- Data for the task
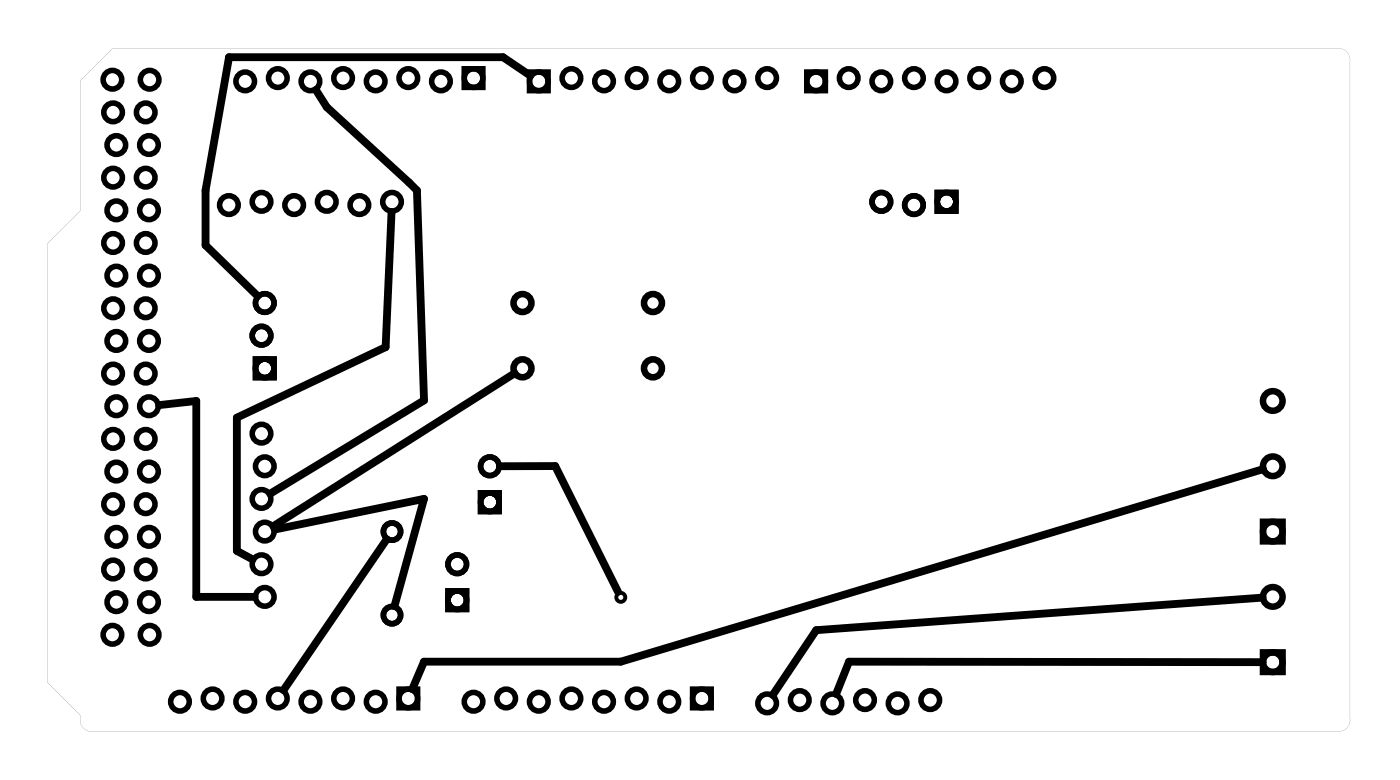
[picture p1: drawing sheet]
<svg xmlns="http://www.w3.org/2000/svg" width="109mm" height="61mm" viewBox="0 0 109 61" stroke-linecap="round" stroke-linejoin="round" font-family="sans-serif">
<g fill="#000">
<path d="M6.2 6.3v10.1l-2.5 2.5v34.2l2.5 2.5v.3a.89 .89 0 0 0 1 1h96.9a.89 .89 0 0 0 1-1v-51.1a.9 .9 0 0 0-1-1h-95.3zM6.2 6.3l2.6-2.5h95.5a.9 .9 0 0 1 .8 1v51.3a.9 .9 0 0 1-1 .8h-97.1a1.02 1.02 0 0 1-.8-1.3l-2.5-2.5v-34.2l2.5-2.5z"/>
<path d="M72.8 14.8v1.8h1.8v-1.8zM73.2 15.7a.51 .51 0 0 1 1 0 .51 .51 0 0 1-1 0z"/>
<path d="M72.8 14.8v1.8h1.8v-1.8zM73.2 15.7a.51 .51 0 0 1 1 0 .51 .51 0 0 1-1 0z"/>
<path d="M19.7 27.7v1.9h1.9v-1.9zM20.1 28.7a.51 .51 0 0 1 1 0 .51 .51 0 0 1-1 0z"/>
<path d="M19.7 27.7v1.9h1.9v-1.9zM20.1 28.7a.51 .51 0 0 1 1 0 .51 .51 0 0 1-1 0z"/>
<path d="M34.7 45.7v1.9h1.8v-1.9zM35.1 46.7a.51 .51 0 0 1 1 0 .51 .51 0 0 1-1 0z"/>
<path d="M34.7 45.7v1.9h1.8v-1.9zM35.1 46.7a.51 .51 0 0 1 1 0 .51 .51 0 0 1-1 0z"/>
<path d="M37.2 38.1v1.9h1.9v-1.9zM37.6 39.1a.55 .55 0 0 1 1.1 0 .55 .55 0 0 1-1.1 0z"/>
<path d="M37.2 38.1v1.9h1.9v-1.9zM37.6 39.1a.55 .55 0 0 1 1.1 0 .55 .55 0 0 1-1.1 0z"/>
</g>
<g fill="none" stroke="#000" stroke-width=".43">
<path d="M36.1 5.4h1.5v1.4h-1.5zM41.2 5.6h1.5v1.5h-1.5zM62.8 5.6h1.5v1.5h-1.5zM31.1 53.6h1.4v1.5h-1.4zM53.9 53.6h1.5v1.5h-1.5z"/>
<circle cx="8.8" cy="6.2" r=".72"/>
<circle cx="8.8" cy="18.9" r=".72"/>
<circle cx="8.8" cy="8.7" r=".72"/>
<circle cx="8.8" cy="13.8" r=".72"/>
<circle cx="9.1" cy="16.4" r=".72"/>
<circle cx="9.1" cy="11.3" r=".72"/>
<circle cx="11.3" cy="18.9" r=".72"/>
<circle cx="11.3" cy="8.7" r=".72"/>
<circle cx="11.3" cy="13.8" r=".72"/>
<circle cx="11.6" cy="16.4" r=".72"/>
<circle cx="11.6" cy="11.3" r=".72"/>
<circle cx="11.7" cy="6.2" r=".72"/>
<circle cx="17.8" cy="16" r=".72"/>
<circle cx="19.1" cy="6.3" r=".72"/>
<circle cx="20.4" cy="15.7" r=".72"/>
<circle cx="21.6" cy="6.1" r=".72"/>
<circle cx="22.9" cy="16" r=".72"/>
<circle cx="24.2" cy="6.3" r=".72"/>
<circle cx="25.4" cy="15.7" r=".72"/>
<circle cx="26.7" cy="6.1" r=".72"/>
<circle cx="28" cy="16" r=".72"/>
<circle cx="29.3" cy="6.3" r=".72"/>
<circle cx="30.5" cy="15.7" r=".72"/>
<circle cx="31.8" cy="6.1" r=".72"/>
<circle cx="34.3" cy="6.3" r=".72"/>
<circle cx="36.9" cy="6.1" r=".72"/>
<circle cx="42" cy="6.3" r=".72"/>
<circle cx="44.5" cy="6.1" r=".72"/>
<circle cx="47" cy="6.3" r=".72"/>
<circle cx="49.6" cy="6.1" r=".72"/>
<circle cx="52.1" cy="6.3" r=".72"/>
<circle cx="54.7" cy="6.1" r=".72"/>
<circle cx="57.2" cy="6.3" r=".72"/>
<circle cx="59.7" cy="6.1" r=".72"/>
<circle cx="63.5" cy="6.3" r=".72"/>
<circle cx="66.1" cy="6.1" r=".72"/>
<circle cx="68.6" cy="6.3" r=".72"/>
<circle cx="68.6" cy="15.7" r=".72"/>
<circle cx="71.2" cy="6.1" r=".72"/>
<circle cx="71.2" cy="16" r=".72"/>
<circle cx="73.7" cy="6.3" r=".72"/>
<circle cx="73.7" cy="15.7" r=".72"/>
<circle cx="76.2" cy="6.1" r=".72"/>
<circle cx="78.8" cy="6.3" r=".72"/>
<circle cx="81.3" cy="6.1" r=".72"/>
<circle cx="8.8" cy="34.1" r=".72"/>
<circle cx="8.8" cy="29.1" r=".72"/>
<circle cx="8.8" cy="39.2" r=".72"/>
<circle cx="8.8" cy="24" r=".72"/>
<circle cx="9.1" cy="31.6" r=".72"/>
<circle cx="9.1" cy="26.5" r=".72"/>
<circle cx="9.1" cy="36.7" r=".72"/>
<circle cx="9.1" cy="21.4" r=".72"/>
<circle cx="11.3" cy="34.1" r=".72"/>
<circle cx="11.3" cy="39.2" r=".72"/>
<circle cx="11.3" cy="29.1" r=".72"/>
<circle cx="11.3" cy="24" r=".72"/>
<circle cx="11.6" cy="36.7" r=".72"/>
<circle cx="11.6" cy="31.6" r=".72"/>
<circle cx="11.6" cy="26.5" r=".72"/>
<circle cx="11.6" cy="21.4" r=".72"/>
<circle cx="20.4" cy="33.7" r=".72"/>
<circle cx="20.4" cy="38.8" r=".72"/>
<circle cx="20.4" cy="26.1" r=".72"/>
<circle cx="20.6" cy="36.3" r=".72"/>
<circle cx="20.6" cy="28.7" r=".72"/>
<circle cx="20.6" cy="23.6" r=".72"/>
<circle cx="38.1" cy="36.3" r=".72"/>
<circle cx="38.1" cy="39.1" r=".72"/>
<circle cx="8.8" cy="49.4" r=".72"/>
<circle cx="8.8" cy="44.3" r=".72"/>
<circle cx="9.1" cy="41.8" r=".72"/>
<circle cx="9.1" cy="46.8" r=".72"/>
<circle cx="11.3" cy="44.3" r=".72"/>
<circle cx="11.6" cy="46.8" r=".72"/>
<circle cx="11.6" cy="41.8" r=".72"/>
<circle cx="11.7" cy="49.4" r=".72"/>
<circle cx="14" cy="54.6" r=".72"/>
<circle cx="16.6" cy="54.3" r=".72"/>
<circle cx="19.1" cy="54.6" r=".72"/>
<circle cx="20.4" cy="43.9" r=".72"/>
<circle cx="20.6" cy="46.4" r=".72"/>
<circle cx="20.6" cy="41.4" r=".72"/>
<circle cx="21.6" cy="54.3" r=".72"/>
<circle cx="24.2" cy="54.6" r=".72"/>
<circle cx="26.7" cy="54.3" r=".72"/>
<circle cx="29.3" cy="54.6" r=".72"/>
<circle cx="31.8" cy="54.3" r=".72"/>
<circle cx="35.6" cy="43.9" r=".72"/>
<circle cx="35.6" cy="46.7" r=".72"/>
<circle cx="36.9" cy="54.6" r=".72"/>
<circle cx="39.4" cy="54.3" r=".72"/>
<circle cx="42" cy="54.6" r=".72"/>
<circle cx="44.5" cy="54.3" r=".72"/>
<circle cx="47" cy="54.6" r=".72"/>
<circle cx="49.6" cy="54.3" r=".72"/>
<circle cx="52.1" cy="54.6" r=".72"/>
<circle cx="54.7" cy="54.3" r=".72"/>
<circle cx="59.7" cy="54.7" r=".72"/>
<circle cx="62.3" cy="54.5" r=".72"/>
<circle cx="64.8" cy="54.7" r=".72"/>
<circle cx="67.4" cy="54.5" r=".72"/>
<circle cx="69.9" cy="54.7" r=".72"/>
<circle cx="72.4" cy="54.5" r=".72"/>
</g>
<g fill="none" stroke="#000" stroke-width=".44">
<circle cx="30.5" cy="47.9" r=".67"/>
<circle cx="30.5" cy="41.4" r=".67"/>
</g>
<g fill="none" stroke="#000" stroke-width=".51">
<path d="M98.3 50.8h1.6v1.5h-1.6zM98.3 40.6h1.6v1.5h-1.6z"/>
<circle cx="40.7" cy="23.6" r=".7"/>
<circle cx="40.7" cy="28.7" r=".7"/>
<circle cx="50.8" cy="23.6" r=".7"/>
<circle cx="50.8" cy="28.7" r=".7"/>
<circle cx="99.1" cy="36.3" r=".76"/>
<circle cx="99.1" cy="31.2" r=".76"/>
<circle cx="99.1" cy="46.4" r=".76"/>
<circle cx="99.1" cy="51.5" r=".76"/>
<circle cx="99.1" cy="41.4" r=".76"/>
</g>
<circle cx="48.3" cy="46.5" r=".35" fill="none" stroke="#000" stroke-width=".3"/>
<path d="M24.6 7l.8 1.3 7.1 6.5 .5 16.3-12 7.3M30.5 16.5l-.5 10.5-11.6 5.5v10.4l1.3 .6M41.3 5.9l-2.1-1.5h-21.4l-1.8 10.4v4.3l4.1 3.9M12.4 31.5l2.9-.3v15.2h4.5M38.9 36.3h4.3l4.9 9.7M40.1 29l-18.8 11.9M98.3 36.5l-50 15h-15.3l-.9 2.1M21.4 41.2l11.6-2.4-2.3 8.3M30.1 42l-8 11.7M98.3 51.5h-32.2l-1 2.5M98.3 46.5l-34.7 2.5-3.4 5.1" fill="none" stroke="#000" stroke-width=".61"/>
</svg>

- Exercise prompt
Working through the listing above, count every line that holds "none" and answer with the count alone.

- Response area
5